CHAPTER XXI - Cubes of Chaos
Sarka raced into the Observatory, wondering as he ran how the attack of the Martians would manifest itself; but scarcely prepared for the brilliant display which greeted his gaze. Compared to the oncoming flames from Mars, the preceding display of lights had been as nothing. The whole Heavens between the Earth and Mars seemed alight with an unearthly glare, as though the very heart of the sun had burst and hurled part of its flaming mass outward into space.
On it came with unbelievable speed.
But there was no telling, yet, the form of the things which were coming.
"What are they?" whispered Jaska, standing fearlessly at Sarka's side. "Interplanetary cars? Rockets? Balls of fire? Or beings of Mars?"
"I think," said Sarka, after studying the display for a few minutes, "that they are either rockets or fireballs, perhaps both together! But the Martians cannot consolidate any position on the Earth without coming to handgrips. Since they must know this, we can expect to see the
people of Mars themselves when, or soon after, those balls of fire strike the Earth!"
Sarka raced back to the room of the Master Beryl as a strident humming came through to him.
* * * * *
The Spokesmen of the Gens whose borders touched those of the devasted Dalis area, were reporting again, and their voices were high pitched with fear that threatened to break the bounds of sanity.
"The ferment in the devasted area," was the gist of their report, "is assuming myriads of shapes! The fused mass has broken up into isolated masses, and each mass of itself is assuming one of the many forms!"
"What forms?" snapped Sarka. "Quickly!"
"Cubes! Thousands and millions of cubes, and the cubes themselves are forming into larger cubes, some square, some rectangular! In the midst of these formations are others, mostly columnar, each column consisting of cubes which have coalesced into the larger form from the same small cubes! The columnar formations are topped by globes which emit an ethereal radiance!"

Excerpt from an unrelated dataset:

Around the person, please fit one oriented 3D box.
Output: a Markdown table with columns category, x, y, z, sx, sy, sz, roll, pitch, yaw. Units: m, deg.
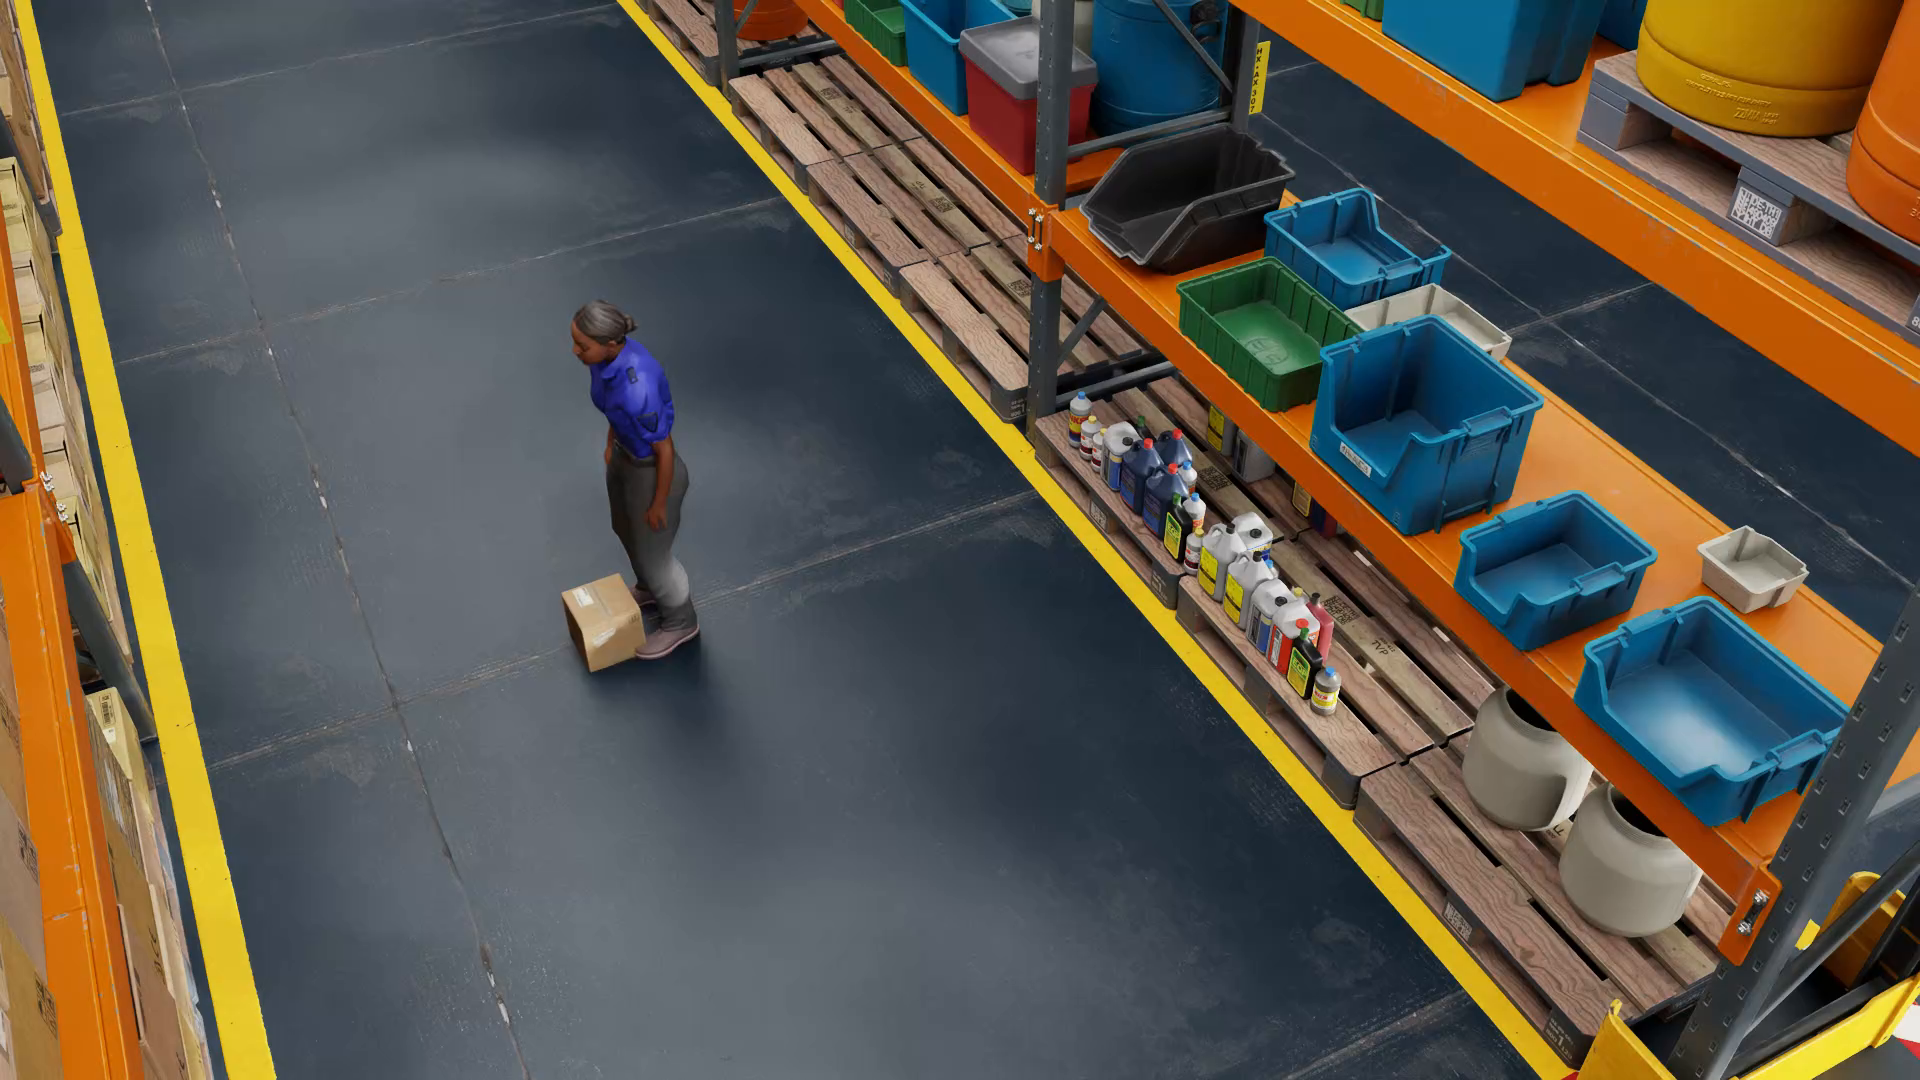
| category | x | y | z | sx | sy | sz | roll | pitch | yaw |
| --- | --- | --- | --- | --- | --- | --- | --- | --- | --- |
| person | -1.258 | -0.263 | 6.460 | 0.343 | 1.653 | 0.523 | -22 | 46 | -23 |

"Listen!" Sarka's voice was vibrant with excitement. "Spokesmen of the Gens, make sure that every individual member of your Gens is fully equipped with flying clothing including belts and ovoids--prepared for an indefinite stay outside on the roof of the world! Get your people out swiftly, keeping them in formation! Keep about you those people of Dalis whom I sent you, and understand before you break contact with your Beryls, that instructions received from these people come from me! In turn, after you have quitted the hives, anything you wish to say to me you can repeat to any one of the glowing people of Dalis!"
The contacts were broken. Sarka stared into the Beryl, glancing swiftly in all directions, to see whether his orders were obeyed.
Out of the myriads of hives were flying the people of all the Gens of Earth, their vast numbers already darkening the roof of the world. The advance fires from Mars seemed to have no effect on them, which Sarka had expected, since the fires seemed to consume nothing they had touched previously.